In [1]:
import glob
import numpy as np
import pandas as pd
import matplotlib.pyplot as plt

from PIL import Image
from tkinter import Tcl
from sklearn import preprocessing

%matplotlib inline

le = preprocessing.LabelEncoder()

# Load list of labels/classes
with open('./data/cifar-10-binary/cifar-10-batches-bin/batches.meta.txt', 'r') as f:
    labels = [line.rstrip() for line in f]

print("=========== Classes ===========")
for i in range(len(labels)-1): print(i,":", labels[i])

0 : airplane
1 : automobile
2 : bird
3 : cat
4 : deer
5 : dog
6 : frog
7 : horse
8 : ship
9 : truck


In [None]:
from __future__ import print_function

import sys
import os, sys, tarfile, errno
import numpy as np
import matplotlib.pyplot as plt
    
if sys.version_info >= (3, 0, 0):
    import urllib.request as urllib # ugly but works
else:
    import urllib

import p

try:
    from imageio import imsave
except:
    from scipy.misc import imsave

print(sys.version_info) 

# image shape
HEIGHT = 32
WIDTH = 32
DEPTH = 3

# size of a single image in bytes
SIZE = HEIGHT * WIDTH * DEPTH

# path to the directory with the data
DATA_DIR = './data'

# url of the binary data
DATA_URL ='https://www.cs.toronto.edu/~kriz/cifar-10-binary.tar.gz'

# path to the binary train file with image data
DATA_PATH = './data/cifar-10-binary/cifar-10-batches-bin/data_batch_1.bin'

# path to the binary train file with labels
LABEL_PATH = './data/cifar-10-binary/cifar-10-batches-bin/train_y.bin'

def read_labels(path_to_labels):
    with open(path_to_labels, 'rb') as f:
        labels = np.fromfile(f, dtype=np.uint8)
        return labels

def read_all_images(path_to_data):
    with open(path_to_data, 'rb') as f:
        everything = np.fromfile(f, dtype=np.uint8)
        images = np.reshape(everything, (-1, 3, 32, 32))
        images = np.transpose(images, (0, 3, 2, 1))
        return images

def read_single_image(image_file):
    image = np.fromfile(image_file, dtype=np.uint8, count=SIZE)
    image = np.reshape(image, (3, 32, 32))
    image = np.transpose(image, (2, 1, 0))
    return image

def plot_image(image):
    plt.imshow(image)
    plt.show()

def save_image(image, name):
    imsave("%s.png" % name, image, format="png")

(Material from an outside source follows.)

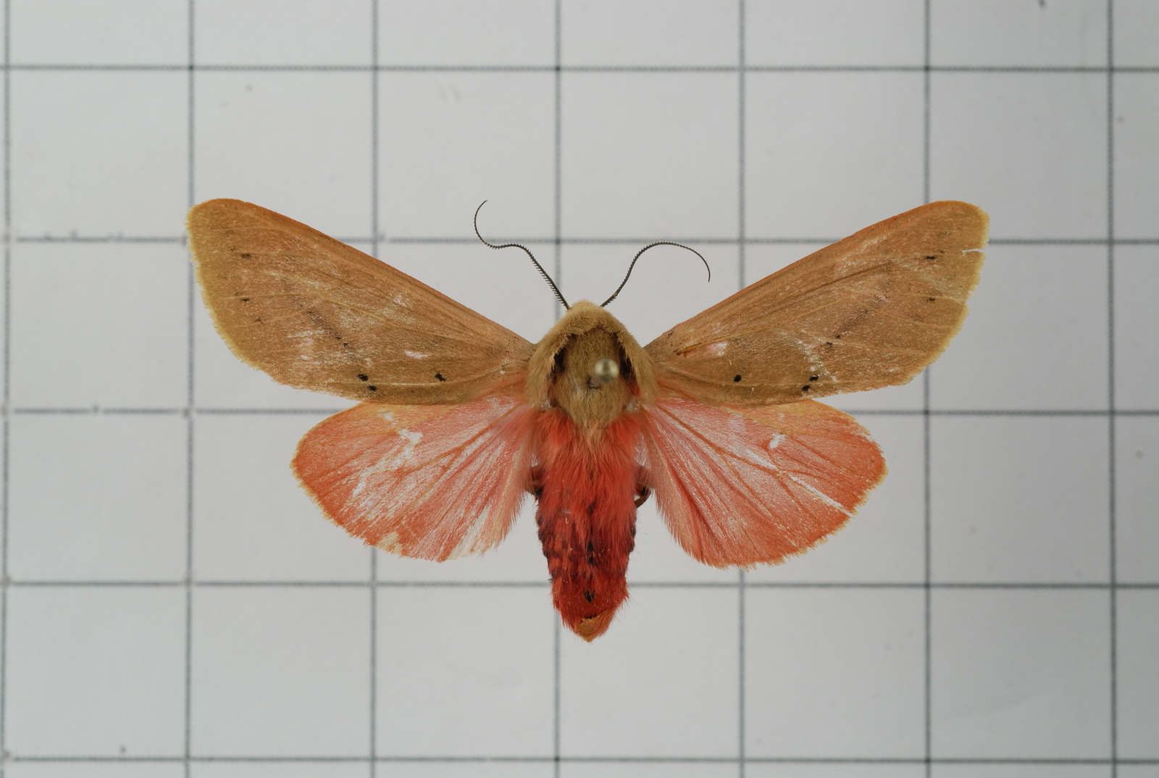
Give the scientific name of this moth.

def download_and_extract():
    dest_directory = DATA_DIR
    if not os.path.exists(dest_directory):
        os.makedirs(dest_directory)
    filename = DATA_URL.split('/')[-1]
    filepath = os.path.join(dest_directory, filename)
    if not os.path.exists(filepath):
        def _progress(count, block_size, total_size):
            sys.stdout.write('\rDownloading %s %.2f%%' % (filename,
                float(count * block_size) / float(total_size) * 100.0))
            sys.stdout.flush()
        filepath, _ = urllib.urlretrieve(DATA_URL, filepath, reporthook=_progress)
        print('Downloaded', filename)
        tarfile.open(filepath, 'r:gz').extractall(dest_directory)

def save_images(images, labels):
    print("Saving images to disk")
    i = 0
    for image in images:
        label = labels[i]
        directory = './img/' + str(label) + '/'
        try:
            os.makedirs(directory, exist_ok=True)
        except OSError as exc:
            if exc.errno == errno.EEXIST:
                pass
        filename = directory + str(i)
        print(filename)
        save_image(image, filename)
        i = i+1
    
if __name__ == "__main__":
    # download data if needed
    download_and_extract()

    # test to check if the image is read correctly
    with open(DATA_PATH) as f:
        image = read_single_image(f)
        plot_image(image)

    # test to check if the whole dataset is read correctly
    images = read_all_images(DATA_PATH)
    print(images.shape)

    labels = read_labels(LABEL_PATH)
    print(labels.shape)

    # save images to disk
    save_images(images, labels)